The audio-video browser serves a two-fold purpose: it renders audio and video information associated with caT hypertexts; it also renders textual materials aurally [Ustun 2004]. Auditory browsing serves as the primary browsing interface for visually impaired users; sighted users can also use it in conjunction with other browsers to avail themselves of an additional mode. This browser uses the Xine multimedia player for audio playback [Xine 2004]. It generates audio from text via the Festival Speech Synthesis System [FSSS 2004], which includes English as well as Spanish voices and supports the integration of MBROLA [MBROLA 2004] voices for greater versatility.

The user interface employs a simple keyboard-based interaction mechanism and confirms user input via audio prompts if the user so chooses. The user interface works in two modes—navigation and audio content. Initially the browser starts up in the navigation mode. This mode supports users in browsing the hypertext by following links and selecting the pages to visit. Once a user visits a page, she has the option to listen to the contents of the page. The audio content mode is initiated when the information associated with the page is presented to her. This mode provides an interface for controlling the content presentation to suit her preferences. She can play or pause the rendering and skip or skim the contents in either direction. Ending the audio content mode returns her to the navigation mode.

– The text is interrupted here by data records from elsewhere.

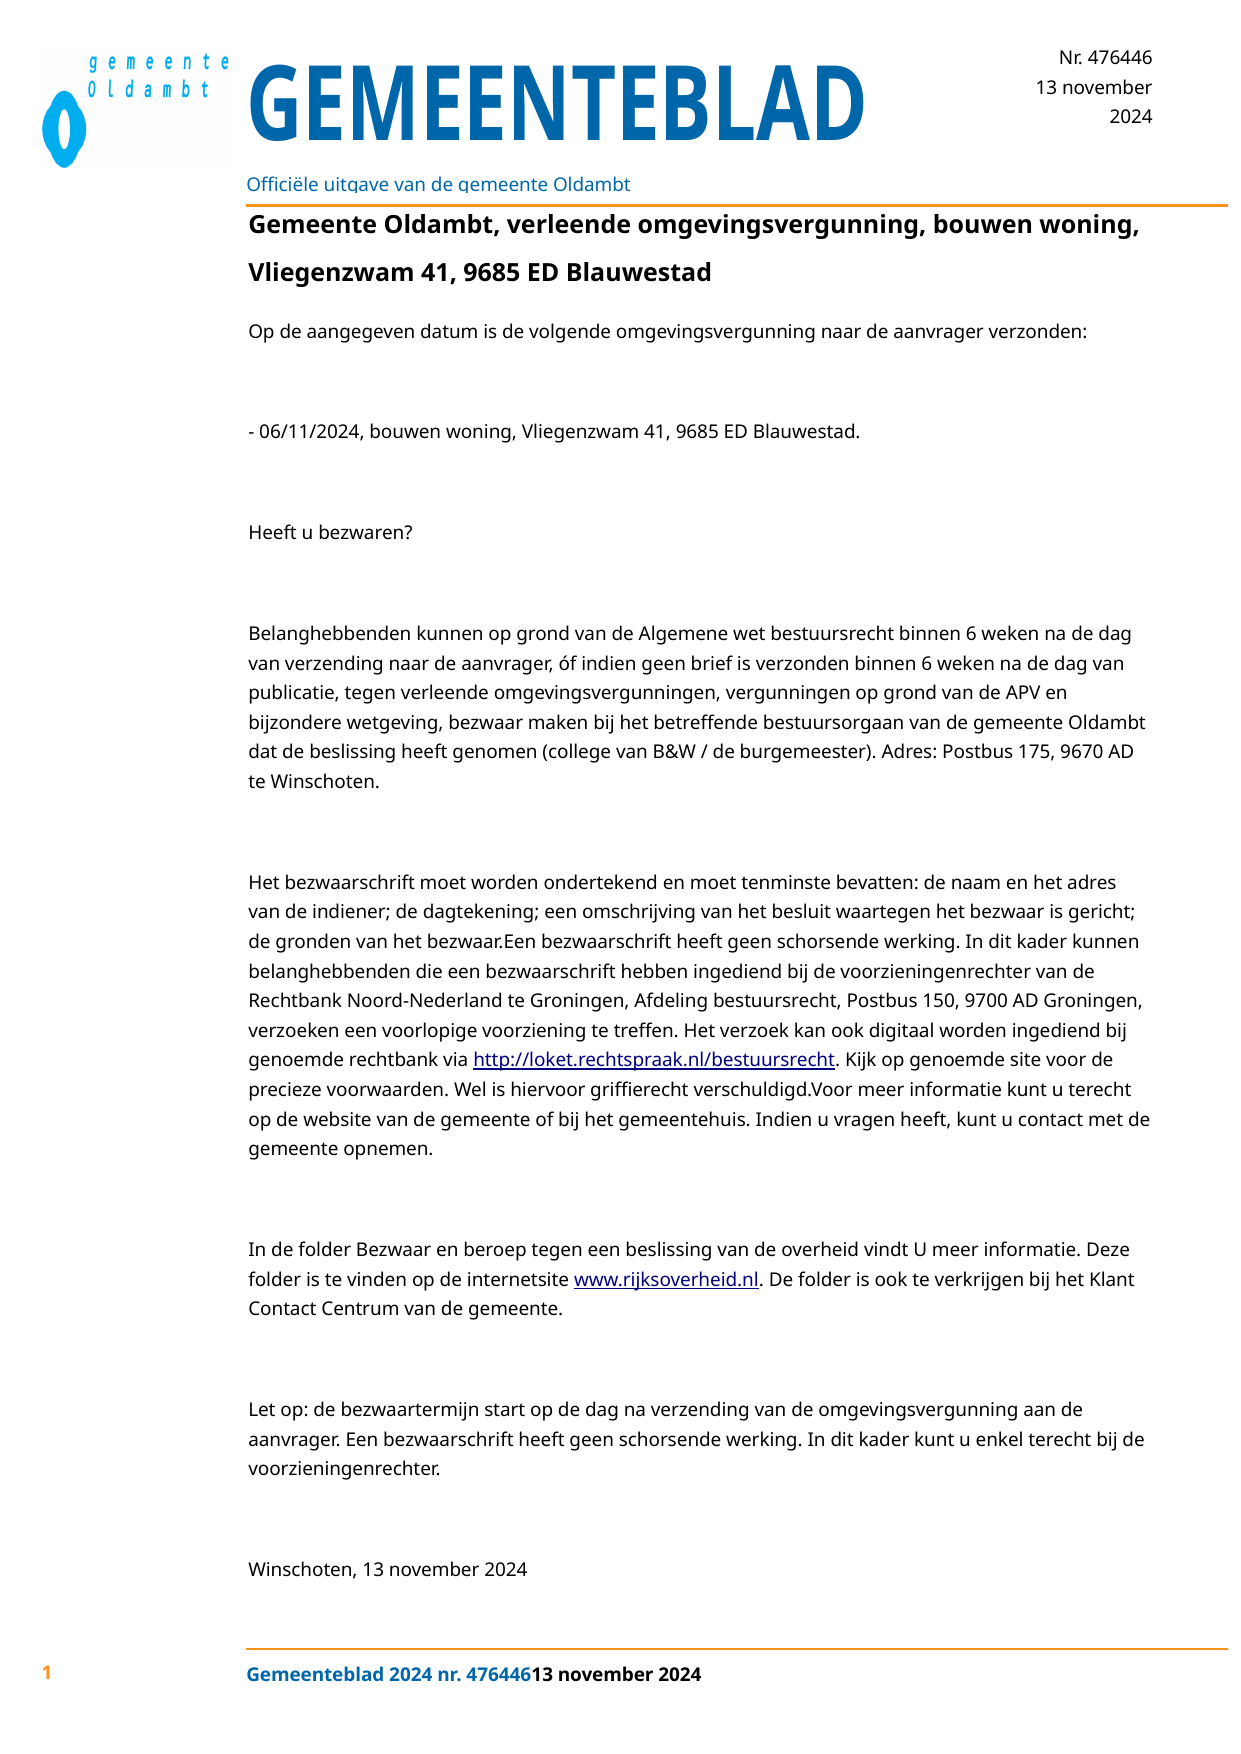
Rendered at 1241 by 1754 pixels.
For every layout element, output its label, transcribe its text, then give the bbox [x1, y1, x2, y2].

text Heeft u bezwaren? [248, 519, 1152, 545]
picture [41, 47, 231, 172]
text - 06/11/2024, bouwen woning, Vliegenzwam 41, 9685 ED Blauwestad. [248, 419, 1152, 444]
text Let op: de bezwaartermijn start op de dag na verzending van de omgevingsvergunning aan de aanvrager. Een bezwaarschrift heeft geen schorsende werking. In dit kader kunt u enkel terecht bij de voorzieningenrechter. [248, 1396, 1152, 1481]
text Het bezwaarschrift moet worden ondertekend en moet tenminste bevatten: de naam en het adres van de indiener; de dagtekening; een omschrijving van het besluit waartegen het bezwaar is gericht; de gronden van het bezwaar.Een bezwaarschrift heeft geen schorsende werking. In dit kader kunnen belanghebbenden die een bezwaarschrift hebben ingediend bij de voorzieningenrechter van de Rechtbank Noord-Nederland te Groningen, Afdeling bestuursrecht, Postbus 150, 9700 AD Groningen, verzoeken een voorlopige voorziening te treffen. Het verzoek kan ook digitaal worden ingediend bij genoemde rechtbank via http://loket.rechtspraak.nl/bestuursrecht. Kijk op genoemde site voor de precieze voorwaarden. Wel is hiervoor griffierecht verschuldigd.Voor meer informatie kunt u terecht op de website van de gemeente of bij het gemeentehuis. Indien u vragen heeft, kunt u contact met de gemeente opnemen. [248, 869, 1152, 1161]
text Belanghebbenden kunnen op grond van de Algemene wet bestuursrecht binnen 6 weken na de dag van verzending naar de aanvrager, óf indien geen brief is verzonden binnen 6 weken na de dag van publicatie, tegen verleende omgevingsvergunningen, vergunningen op grond van de APV en bijzondere wetgeving, bezwaar maken bij het betreffende bestuursorgaan van de gemeente Oldambt dat de beslissing heeft genomen (college van B&W / de burgemeester). Adres: Postbus 175, 9670 AD te Winschoten. [248, 620, 1152, 794]
text Winschoten, 13 november 2024 [248, 1556, 1152, 1582]
text Op de aangegeven datum is de volgende omgevingsvergunning naar de aanvrager verzonden: [248, 318, 1152, 344]
text In de folder Bezwaar en beroep tegen een beslissing van de overheid vindt U meer informatie. Deze folder is te vinden op de internetsite www.rijksoverheid.nl. De folder is ook te verkrijgen bij het Klant Contact Centrum van de gemeente. [248, 1236, 1152, 1321]
text Gemeente Oldambt, verleende omgevingsvergunning, bouwen woning, Vliegenzwam 41, 9685 ED Blauwestad [248, 207, 1152, 288]

The selection of sounds and voices to use is crucial for helping users differentiate between audio prompts, user action confirmation and content presentation. The interface employs recorded audio prompts for notification of user actions and synthesized voice for audio prompts and content rendering.

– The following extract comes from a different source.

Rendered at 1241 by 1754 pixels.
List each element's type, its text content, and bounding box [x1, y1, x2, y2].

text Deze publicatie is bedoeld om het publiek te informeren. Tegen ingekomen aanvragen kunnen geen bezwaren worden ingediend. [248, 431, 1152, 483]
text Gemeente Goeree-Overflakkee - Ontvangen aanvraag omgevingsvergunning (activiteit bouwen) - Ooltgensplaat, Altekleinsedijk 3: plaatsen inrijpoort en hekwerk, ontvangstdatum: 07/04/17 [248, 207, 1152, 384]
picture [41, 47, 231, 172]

Frequently used actions are mapped to the numeric keypad so that the most common functions are grouped together. Other actions are mapped to letters that best represent them. Some inputs are available to the user regardless of the mode. Table I displays the inputs available to users in both navigation and audio content modes. The ‘T’ toggles whether to provide audio feedback of user actions. The escape key is used to break out of the active audio stream, whether it is file contents, help menu, or information options. The actions “help” and “information” both return context-sensitive information. The help feature reminds the users of various key mappings available in that mode. The information command presents a brief summary of the user’s current context. In the navigation mode, users hear information about the user’s location in the hypertext and the actions available to her. In the audio content mode it returns information about page contents, for example, name of the file associated that is being presented, the duration of audio presentation of the file, and the user’s current position in the file.

Table II displays the commands available to a user in the navigation mode. The up and down arrow keys are used to cycle through the list of available links. The right and left arrow keys let the users cycle through the list of active pages. The ‘P’ and ‘L’ keys present a complete listing of the pages and links available. The ‘S’ key returns this description or summary associated with the current page. The user may select a page or link from the presented list by its number via the numeric keys located above the alphabetic characters. The “Return” key selects the current link or page. If the user selects a link she navigates to the next set of pages and the interface presents her with the corresponding information. On the other hand, if a page is selected, the system switches to the audio content mode and the key mappings change to those shown in table III.